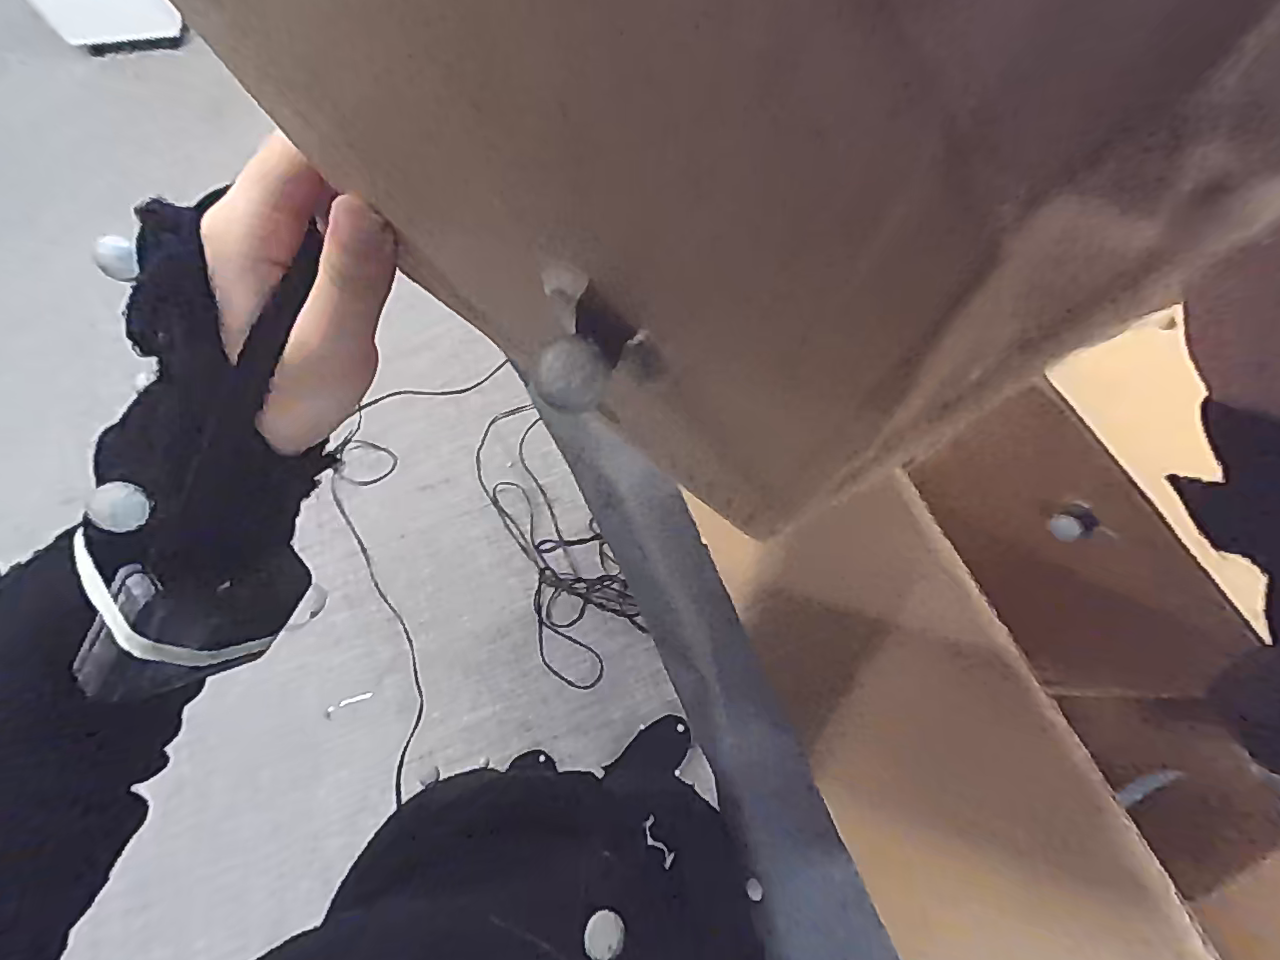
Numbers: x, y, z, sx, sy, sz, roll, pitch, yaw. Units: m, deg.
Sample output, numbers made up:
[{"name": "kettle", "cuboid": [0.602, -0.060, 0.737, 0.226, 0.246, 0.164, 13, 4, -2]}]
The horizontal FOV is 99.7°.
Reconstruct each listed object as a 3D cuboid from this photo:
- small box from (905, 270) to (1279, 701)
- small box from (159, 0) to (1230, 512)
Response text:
[{"name": "small box", "cuboid": [0.308, 0.016, 0.332, 0.168, 0.176, 0.179, -21, 70, -8]}, {"name": "small box", "cuboid": [0.017, -0.113, 0.114, 0.168, 0.176, 0.179, 37, 83, 10]}]
=======
# Directions for this task:
Every line above that has the string "from" needs to be copied.

# Task output:
Reconstruct each listed object as a 3D cuboid from this photo:
- small box from (905, 270) to (1279, 701)
- small box from (159, 0) to (1230, 512)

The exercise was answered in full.